Edward FitzGerald (31 March 1809 – 14 June 1883) was an English writer, best known as the poet of the first and most famous English translation of The Rubaiyat of Omar Khayyam. FitzGerald's homosexuality has been well-known since at least 1970, when H Montgomery Hyde published The Love That Dared Not Speak Its Name. An entire book documenting FitzGerald's passionate affair with a fisherman named Joseph Fletcher was published in 1908 (James Blyth, Edward FitzGerald and Posh). He was previously enamored, at 23, of a teenage youth named Kenworthy Browne, whose tragic early death while riding left Fitzgerald heartbroken. FitzGerald became a dedicated sailor, and his later years were passed among various fishermen and friends along the coast. It has to be admitted however that there remains some doubt as to whether FitzGerald's intense love for his various male friends ever found physical expression. (P: ©Eva, Lady Rivett-Carnac (died 1939)/NPG 1342. Edward Fitzgerald, 1873)

Edward FitzGerald was born Edward Purcell at Bredfield House in Woodbridge, Suffolk in 1809. In 1818, his father, John Purcell, assumed the name and arms of his wife's family, the FitzGeralds.

This name change occurred shortly after FitzGerald's mother inherited her second fortune. She had previously inherited over half a million pounds from an aunt, but in 1818, her father died and left her considerably more than that. The FitzGeralds were one of the wealthiest families in England. Edward FitzGerald later commented that all of his relatives were mad; further, that he was insane as well, but was at least aware of the fact.



In 1816, the family moved to France, and lived in St Germain as well as Paris, but in 1818, after the aforementioned death of his maternal grandfather, the family had to return to England. In 1821, Edward was sent to school at Bury St Edmunds. In 1826, he went to Trinity College, Cambridge. He became acquainted with William Makepeace Thackeray and William Hepworth Thompson. Though he had many friends who were members of the Cambridge Apostles, most notably Alfred Tennyson, FitzGerald himself was never offered an invitation to this famous group. In 1830, FitzGerald left for Paris, but in 1831 was living in a farmhouse on the battlefield of Naseby.

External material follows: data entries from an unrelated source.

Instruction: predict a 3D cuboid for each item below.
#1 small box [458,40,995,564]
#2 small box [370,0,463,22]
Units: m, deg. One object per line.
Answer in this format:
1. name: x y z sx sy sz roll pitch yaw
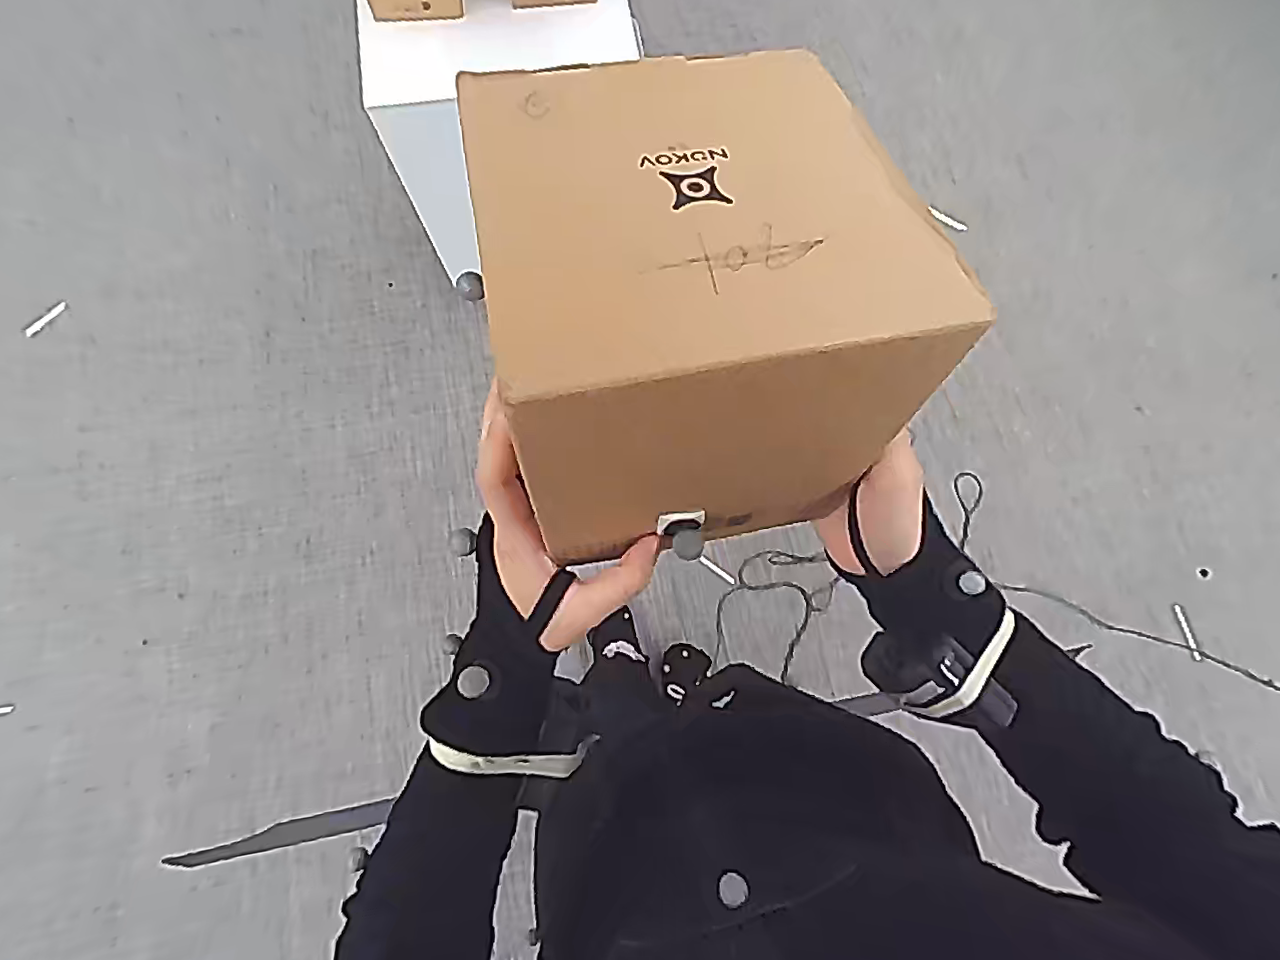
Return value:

Needing no employment, FitzGerald moved to his native Suffolk where he lived quietly, never leaving the county for more than a week or two while he resided there. Until 1835, the FitzGeralds lived in Wherstead; from that year until 1853 the poet resided in Boulge, near Woodbridge. In 1860, he moved with his family to Farlingay Hall, where they stayed until, in 1873, they moved to the town of Woodbridge; thereafter until his death, FitzGerald resided at his own house close by, called Little Grange. During most of this time, FitzGerald was preoccupied with flowers, music, and literature. Friends like Tennyson and Thackeray had surpassed him in the field of literature, and for a long time FitzGerald showed no intention of emulating their literary success. In 1851, he published his first book, Euphranor, a Platonic dialogue, born of memories of the old happy life in Cambridge. This was followed in 1852 by the publication of Polonius, a collection of "saws and modern instances," some of them his own, the rest borrowed from the less familiar English classics. FitzGerald began the study of Spanish poetry in 1850 at Elmsett, followed by Persian literature at the University of Oxford with Professor Edward Byles Cowell in 1853. He married Lucy, the daughter of the Quaker poet Bernard Barton in Chichester on 4 November 1856, following a death bed promise to Bernard made in 1849 to look after her. The marriage was evidently a disaster, probably due to Edward's sexual leanings, for the couple separated after only a few months, despite having known each other for many years, including collaborating on a book about her father's works in 1849.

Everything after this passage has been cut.